Am 16. November hat Düsseldorf beispielsweise gemeinsam mit der Partnerstadt Warschau am „International Day of Tolerance“ teilgenommen. An diesem von der UNESCO initiierten Tag zeigen Städte weltweit ihre Solidarität und Unterstützung für Minderheiten, indem Regenbögen an Gebäude projiziert oder Regenbogenflaggen gehisst werden. Der Oberbürgermeister von Warschau, Rafal Trzaskowski, hatte mich gebeten, seinem Aufruf zur Teilnahme zu folgen und dem bin ich gerne nachgekommen.


In Düsseldorf stehen die Förderungsmöglichkeiten für einen städtepartnerschaftlichen Austausch grundsätzlich allen Bürger*innen und Gruppen der Stadt offen. Daher ist natürlich auch die Community eingeladen, internationale Kooperationen zu initiieren und Förderanträge zu stellen, wie es in der Vergangenheit beispielsweise das Bildungs- und Antidiskriminierungsprojekt SCHLAU getan hat. Mit einer kommunalen Finanzierung realisierten sie einen Austausch mit der LSBTIQ+ Organisation Different People e.V. in unserer Partnerstadt Chemnitz. Das Büro für Internationale und Europäische Angelegenheiten steht der Community jederzeit für Fragen zur Verfügung.

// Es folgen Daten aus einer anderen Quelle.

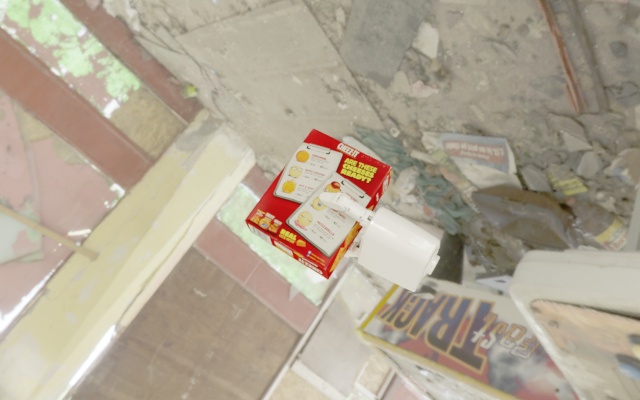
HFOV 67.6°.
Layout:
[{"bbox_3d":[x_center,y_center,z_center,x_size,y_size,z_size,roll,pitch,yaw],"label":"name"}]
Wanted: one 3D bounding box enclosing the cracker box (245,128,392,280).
[{"bbox_3d":[0.000,0.003,0.827,0.164,0.213,0.072,29,-20,16],"label":"cracker box"}]
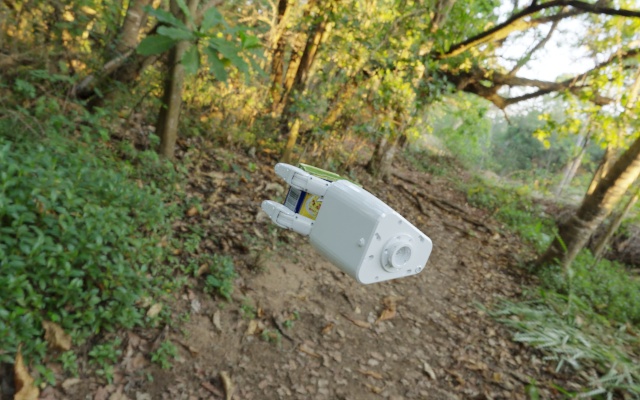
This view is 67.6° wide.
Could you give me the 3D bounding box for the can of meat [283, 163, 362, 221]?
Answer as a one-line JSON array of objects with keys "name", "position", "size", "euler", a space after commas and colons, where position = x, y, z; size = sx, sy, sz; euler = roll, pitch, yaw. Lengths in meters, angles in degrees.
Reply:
[{"name": "can of meat", "position": [0.000, 0.002, 0.673], "size": [0.102, 0.084, 0.057], "euler": [15, 12, -32]}]
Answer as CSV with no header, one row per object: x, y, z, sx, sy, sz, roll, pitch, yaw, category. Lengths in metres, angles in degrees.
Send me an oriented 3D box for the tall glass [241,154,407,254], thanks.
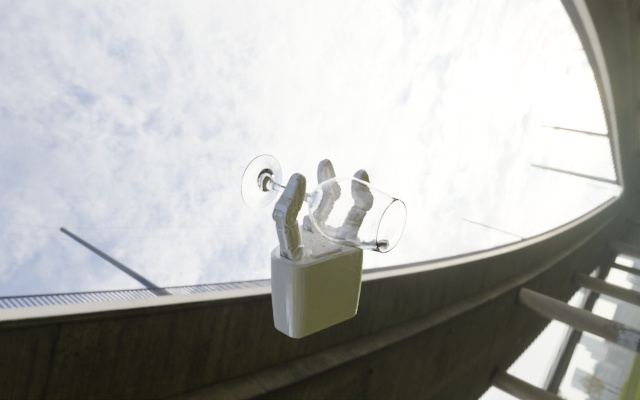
0.000,0.002,0.567,0.201,0.079,0.079,19,11,35,tall glass
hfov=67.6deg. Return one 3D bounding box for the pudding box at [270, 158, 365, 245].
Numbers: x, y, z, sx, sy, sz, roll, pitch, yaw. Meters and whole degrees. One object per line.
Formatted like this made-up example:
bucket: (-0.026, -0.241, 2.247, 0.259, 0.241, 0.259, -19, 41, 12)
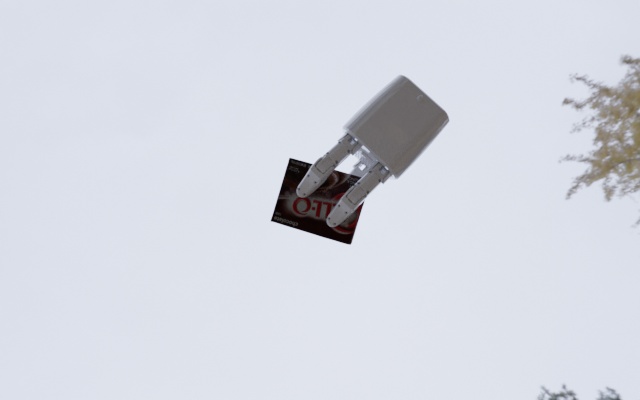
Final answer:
pudding box: (0.000, 0.002, 0.640, 0.113, 0.090, 0.039, 16, -5, 7)
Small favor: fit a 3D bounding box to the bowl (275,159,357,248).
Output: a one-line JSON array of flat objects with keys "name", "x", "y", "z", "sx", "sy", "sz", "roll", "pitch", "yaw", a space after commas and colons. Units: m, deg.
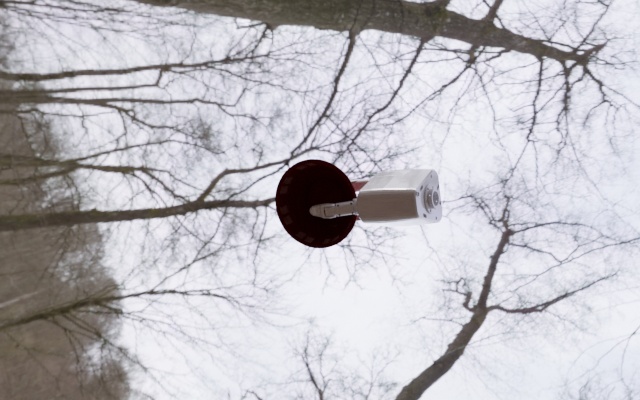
[{"name": "bowl", "x": -0.001, "y": 0.003, "z": 0.871, "sx": 0.162, "sy": 0.162, "sz": 0.055, "roll": 0, "pitch": 10, "yaw": 23}]
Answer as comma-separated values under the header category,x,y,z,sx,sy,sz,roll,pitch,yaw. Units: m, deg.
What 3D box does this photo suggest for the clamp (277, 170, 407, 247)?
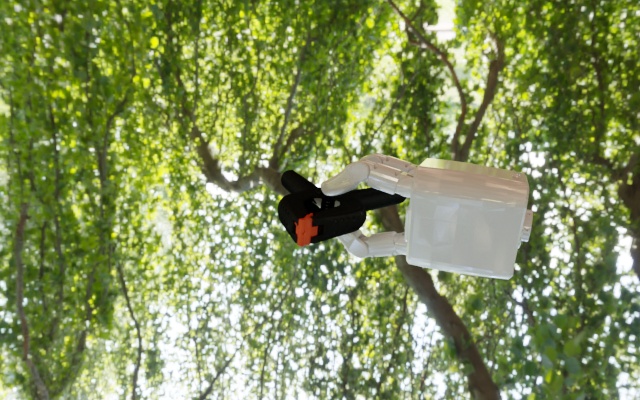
category,x,y,z,sx,sy,sz,roll,pitch,yaw
clamp,0.000,0.003,0.541,0.164,0.036,0.210,9,17,19
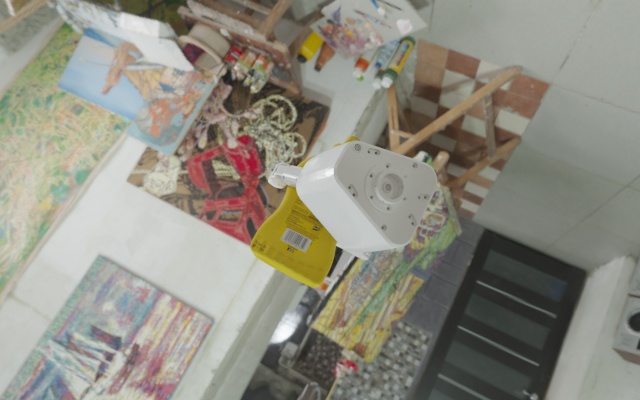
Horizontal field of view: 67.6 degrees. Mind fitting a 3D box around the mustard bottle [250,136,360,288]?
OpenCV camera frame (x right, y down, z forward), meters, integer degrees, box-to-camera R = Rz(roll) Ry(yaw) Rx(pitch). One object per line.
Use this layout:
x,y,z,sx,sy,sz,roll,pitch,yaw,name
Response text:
0.000,0.002,0.587,0.096,0.191,0.058,26,-16,9,mustard bottle
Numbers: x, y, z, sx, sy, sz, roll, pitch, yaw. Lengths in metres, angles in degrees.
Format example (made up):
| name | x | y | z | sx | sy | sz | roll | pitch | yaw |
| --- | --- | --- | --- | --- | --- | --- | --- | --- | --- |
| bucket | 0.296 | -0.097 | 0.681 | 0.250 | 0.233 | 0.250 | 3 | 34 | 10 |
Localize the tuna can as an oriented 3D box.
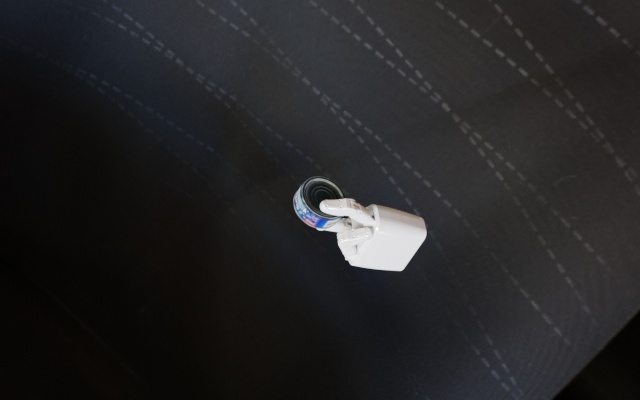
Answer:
| name | x | y | z | sx | sy | sz | roll | pitch | yaw |
| --- | --- | --- | --- | --- | --- | --- | --- | --- | --- |
| tuna can | 0.000 | 0.002 | 0.799 | 0.086 | 0.086 | 0.034 | 0 | -31 | -28 |
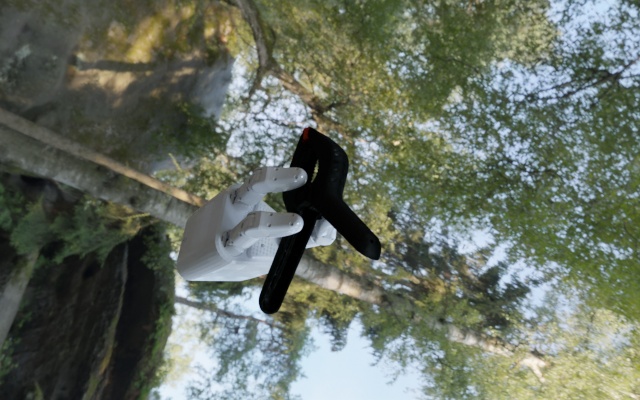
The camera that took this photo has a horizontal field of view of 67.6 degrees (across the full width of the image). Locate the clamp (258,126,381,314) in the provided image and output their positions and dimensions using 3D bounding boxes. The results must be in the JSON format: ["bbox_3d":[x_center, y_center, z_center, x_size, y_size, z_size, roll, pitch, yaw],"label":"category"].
[{"bbox_3d":[0.001,0.002,0.497,0.036,0.209,0.164,27,-37,-33],"label":"clamp"}]
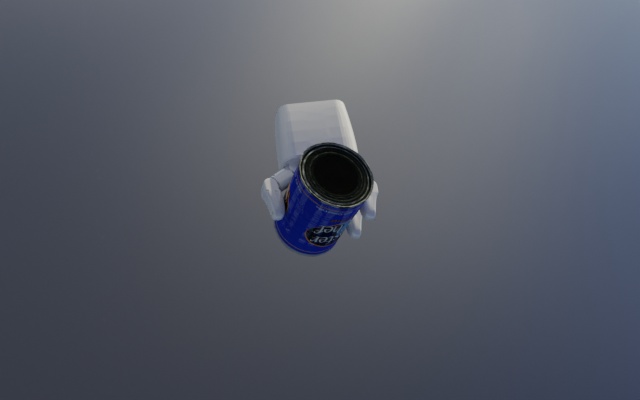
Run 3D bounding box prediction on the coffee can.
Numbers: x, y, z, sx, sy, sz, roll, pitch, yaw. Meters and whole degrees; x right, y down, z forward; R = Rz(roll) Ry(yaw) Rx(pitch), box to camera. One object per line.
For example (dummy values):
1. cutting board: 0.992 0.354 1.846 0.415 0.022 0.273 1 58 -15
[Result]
1. coffee can: 0.000 0.002 0.664 0.103 0.102 0.140 0 -32 -21
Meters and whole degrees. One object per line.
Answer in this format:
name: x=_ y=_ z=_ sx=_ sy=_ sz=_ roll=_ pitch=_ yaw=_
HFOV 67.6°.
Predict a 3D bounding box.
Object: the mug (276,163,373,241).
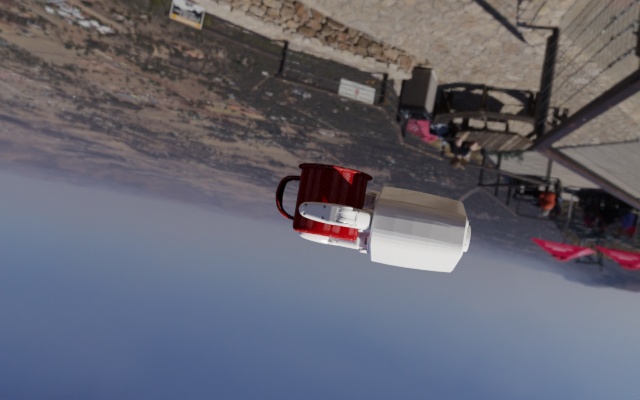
mug: x=-0.001 y=0.002 z=0.588 sx=0.117 sy=0.081 sz=0.093 roll=9 pitch=-4 yaw=12
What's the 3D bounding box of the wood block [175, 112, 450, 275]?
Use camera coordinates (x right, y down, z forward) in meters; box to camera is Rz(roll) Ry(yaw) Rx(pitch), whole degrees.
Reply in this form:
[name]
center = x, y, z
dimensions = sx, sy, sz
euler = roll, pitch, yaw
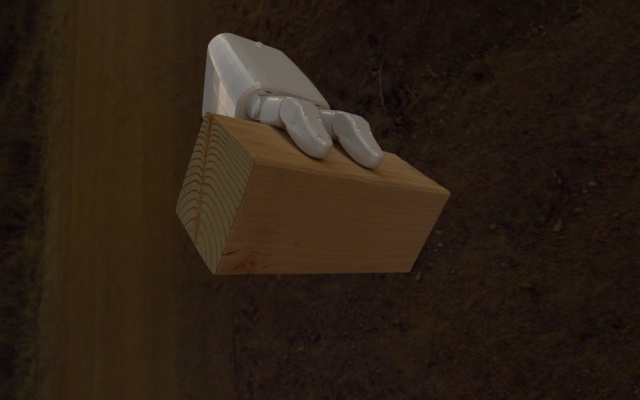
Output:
[wood block]
center = 0.000, 0.001, 0.405
dimensions = 0.206, 0.091, 0.090
euler = 6, 26, -39
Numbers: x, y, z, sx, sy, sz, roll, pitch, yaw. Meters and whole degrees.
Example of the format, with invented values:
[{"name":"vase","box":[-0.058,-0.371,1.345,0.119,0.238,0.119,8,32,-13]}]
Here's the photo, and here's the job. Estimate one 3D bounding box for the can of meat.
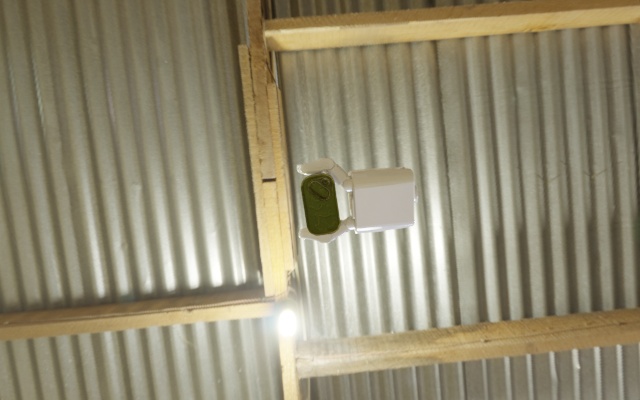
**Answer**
[{"name":"can of meat","box":[0.000,0.003,0.827,0.057,0.102,0.084,-9,7,1]}]
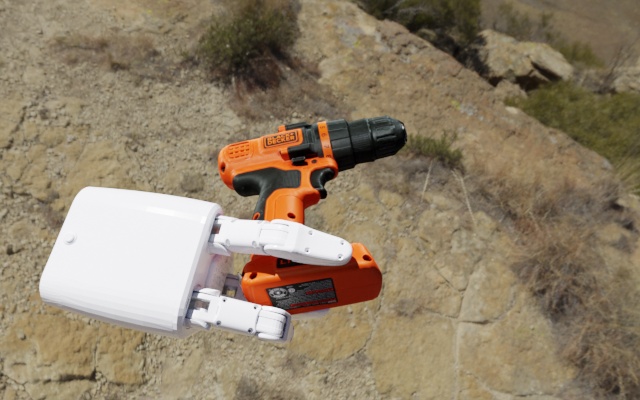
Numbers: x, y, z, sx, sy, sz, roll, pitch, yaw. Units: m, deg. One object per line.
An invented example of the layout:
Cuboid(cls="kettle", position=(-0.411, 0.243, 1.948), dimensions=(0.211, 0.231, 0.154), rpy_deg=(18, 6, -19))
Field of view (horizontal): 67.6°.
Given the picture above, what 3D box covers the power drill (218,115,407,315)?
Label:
Cuboid(cls="power drill", position=(0.000, 0.002, 0.419), dimensions=(0.184, 0.187, 0.057), rpy_deg=(-12, -45, 4))
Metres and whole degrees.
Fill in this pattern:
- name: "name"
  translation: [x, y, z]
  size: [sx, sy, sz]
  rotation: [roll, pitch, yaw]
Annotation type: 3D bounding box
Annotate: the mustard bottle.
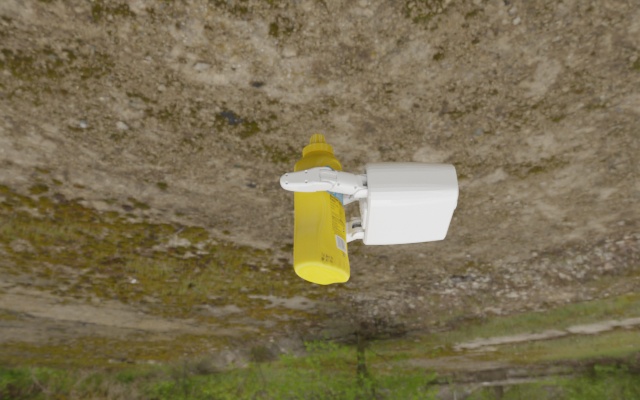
- name: "mustard bottle"
  translation: [0.000, 0.002, 0.600]
  size: [0.058, 0.191, 0.096]
  rotation: [-12, -25, 22]
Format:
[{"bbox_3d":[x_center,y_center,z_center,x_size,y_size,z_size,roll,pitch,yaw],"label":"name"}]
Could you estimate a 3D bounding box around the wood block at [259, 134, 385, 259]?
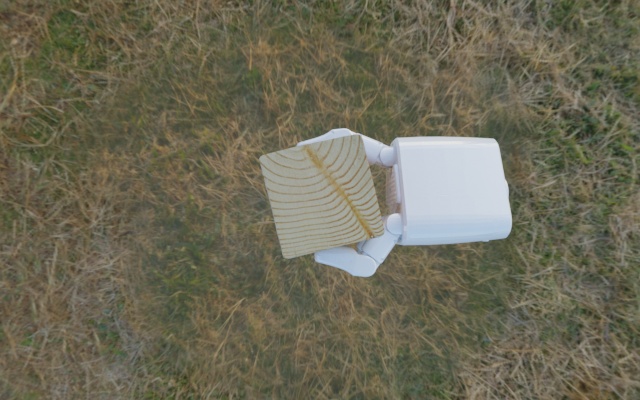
[{"bbox_3d":[0.000,0.001,0.497,0.090,0.091,0.206,-13,-3,-1],"label":"wood block"}]
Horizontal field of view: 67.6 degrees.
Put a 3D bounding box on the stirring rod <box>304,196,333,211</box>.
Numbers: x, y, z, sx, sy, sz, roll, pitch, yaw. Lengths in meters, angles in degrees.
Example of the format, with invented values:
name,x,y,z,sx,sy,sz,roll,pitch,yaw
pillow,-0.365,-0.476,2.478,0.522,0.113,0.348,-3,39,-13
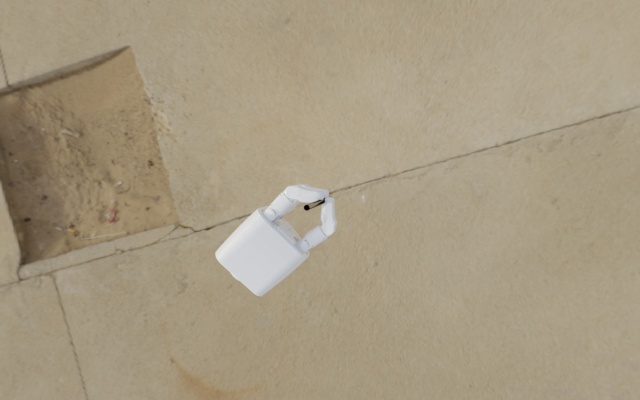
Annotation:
name,x,y,z,sx,sy,sz,roll,pitch,yaw
stirring rod,0.000,0.002,0.737,0.011,0.011,0.239,0,3,9
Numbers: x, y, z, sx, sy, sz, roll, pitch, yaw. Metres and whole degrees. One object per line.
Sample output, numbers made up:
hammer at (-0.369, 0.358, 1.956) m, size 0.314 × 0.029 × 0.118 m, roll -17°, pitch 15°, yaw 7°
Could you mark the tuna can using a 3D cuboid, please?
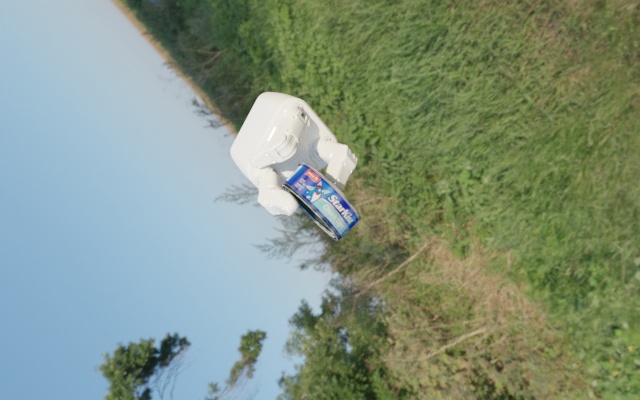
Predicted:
tuna can at (0.000, 0.002, 0.501) m, size 0.086 × 0.034 × 0.086 m, roll 44°, pitch -7°, yaw 7°
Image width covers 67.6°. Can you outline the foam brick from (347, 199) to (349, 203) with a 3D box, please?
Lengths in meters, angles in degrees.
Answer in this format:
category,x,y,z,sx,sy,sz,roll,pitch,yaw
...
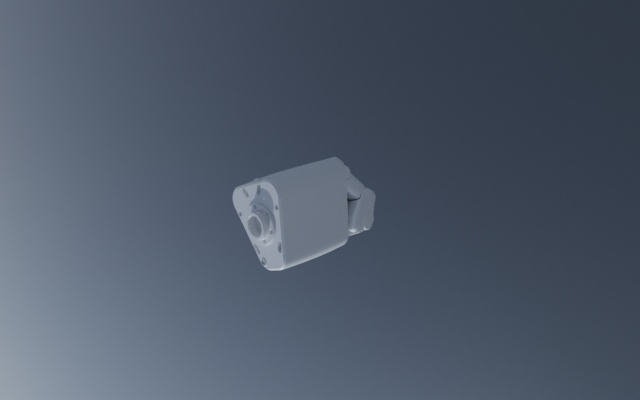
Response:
category,x,y,z,sx,sy,sz,roll,pitch,yaw
foam brick,0.000,0.002,0.660,0.051,0.053,0.078,-21,7,-42
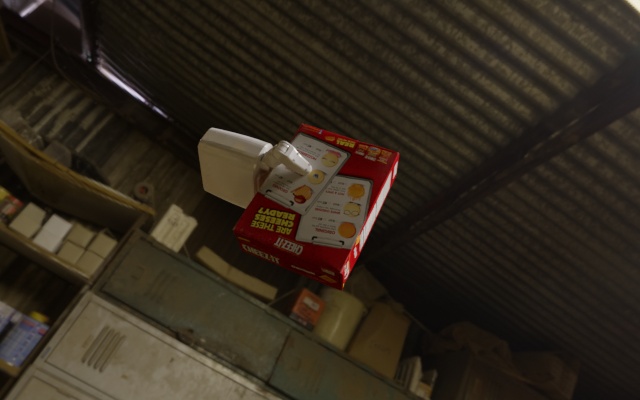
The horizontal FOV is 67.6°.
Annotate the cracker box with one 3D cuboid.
[{"bbox_3d":[0.000,0.002,0.698,0.164,0.213,0.072,19,-30,17],"label":"cracker box"}]
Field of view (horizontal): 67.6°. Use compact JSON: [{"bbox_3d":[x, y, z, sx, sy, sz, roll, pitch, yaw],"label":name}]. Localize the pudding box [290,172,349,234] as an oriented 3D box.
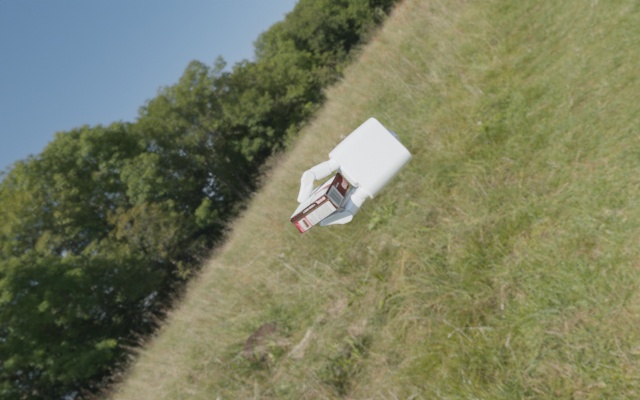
[{"bbox_3d":[0.000,0.003,0.868,0.090,0.039,0.113,-37,9,25],"label":"pudding box"}]
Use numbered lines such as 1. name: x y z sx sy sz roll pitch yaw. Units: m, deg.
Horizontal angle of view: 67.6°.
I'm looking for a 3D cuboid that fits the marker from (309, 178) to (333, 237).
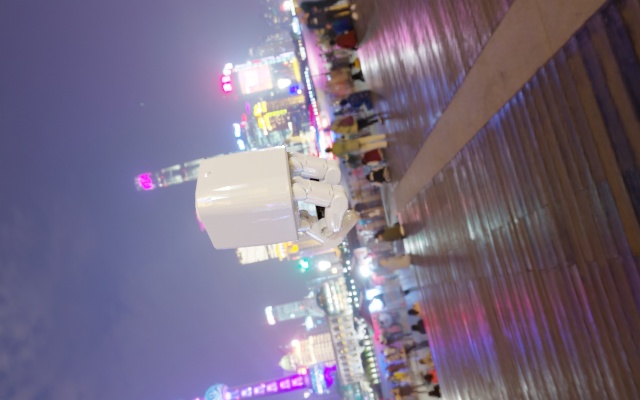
1. marker: 0.000 0.002 0.630 0.020 0.020 0.121 0 36 -8
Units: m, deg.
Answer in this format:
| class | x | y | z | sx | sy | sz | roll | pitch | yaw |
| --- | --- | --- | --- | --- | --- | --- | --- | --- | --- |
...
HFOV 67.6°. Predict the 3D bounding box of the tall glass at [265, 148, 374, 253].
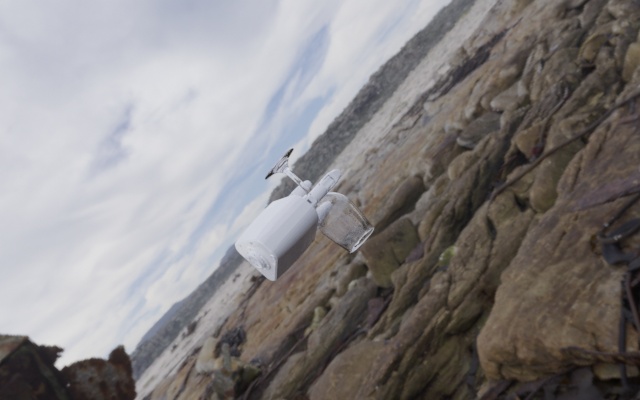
| class | x | y | z | sx | sy | sz | roll | pitch | yaw |
| --- | --- | --- | --- | --- | --- | --- | --- | --- | --- |
| tall glass | 0.000 | 0.002 | 0.837 | 0.201 | 0.079 | 0.079 | 42 | 0 | 0 |
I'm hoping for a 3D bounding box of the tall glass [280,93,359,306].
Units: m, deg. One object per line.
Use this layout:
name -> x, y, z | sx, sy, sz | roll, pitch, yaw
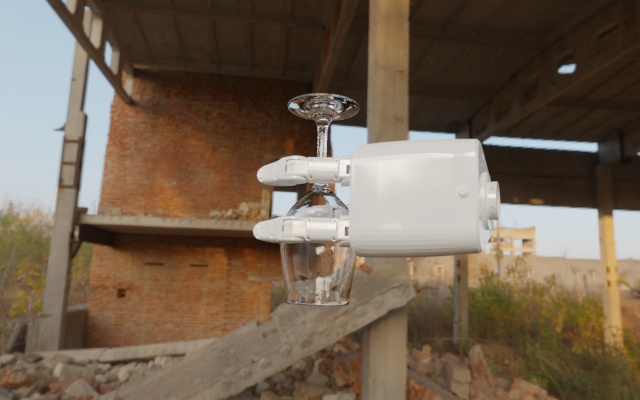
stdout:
tall glass -> 0.000, 0.001, 0.477 | 0.079, 0.201, 0.079 | 2, -9, 0

In Zeiten, in denen LSBTIQ+ in vielen Lebensbereichen immer selbstverständlicher selbstbestimmt leben können, erleben wir doch gleichzeitig eine Zunahme an Homo-, Trans- und Queerfeindlichkeit (nicht nur in Polen!). Daher sollten auch wir als Kommune eindeutig Position zu beziehen und uns solidarisch zu zeigen.

Im Wahlkampf haben Sie zugesagt, Pläne für ein Düsseldorfer LSBTIQ*-Zentrum als Oberbürgermeister unterstützen zu wollen. Welche Art von Unterstützung wollen Sie anbieten, welche Türen können Sie öffnen?


Ich befürworte das Vorhaben eine Begegnungsstätte für die LSBTIQ+ Community zu schaffen, in der es Raum und Zeit für Begegnung, Austausch und Veranstaltungen gibt. Die Ansprechperson für LSBTIQ+ im zukünftigen Amt für Gleichstellung steht zu dem Thema in Kontakt mit der Community und unterstützt bei der Konzeptionierung und Antragstellung. Auf Grundlage der Bedarfsanalyse, konkreten Umsetzungsplänen und Kostenaufstellungen werden wir gemeinsam Wege zur Realisierung der Begegnungsstätte finden.

Das Denkmal zur Verfolgung und Emanzipation von LSBTIQ* in der Landeshauptstadt ist in trockenen Tüchern. Der Künstler Claus Richter arbeitet bereits an der Umsetzung, die Standortsuche ist in vollem Gange. Dürfen sich die Düsseldorfer*innen noch in diesem Jahr auf die Errichtung dieses neuen Gedenkortes freuen? Und werden Sie dieses weithin einzigartige Denkmal einweihen?


Das Denkmal wird als Ort für die Erinnerung und Akzeptanz von sexueller und geschlechtlicher Vielfalt an einem sehr exponierten Ort am Rhein errichtet werden, der dem Rat voraussichtlich im März zur Entscheidung vorgelegt wird. Damit ist es ein weiteres wichtiges Puzzleteil in der Erinnerungsarbeit in Düsseldorf.


Gewidmet wird das Denkmal den Lesben, Schwulen, Bi und Trans*, die Opfer von Gewalt, Verfolgung und Diskriminierung in Düsseldorf geworden sind. Zudem ehrt es alle Düsseldorfer*innen, die in der Vergangenheit für die sexuelle und geschlechtliche Vielfalt eingetreten sind und die dieses in der Gegenwart und Zukunft tun.


Laut Zeitschiene des Künstlers Claus Richter und der Düsseldorfer Kunstkommission ist eine Einweihung voraussichtlich für Herbst dieses Jahres geplant und ich werde die Einweihung selbstverständlich sehr gerne vornehmen.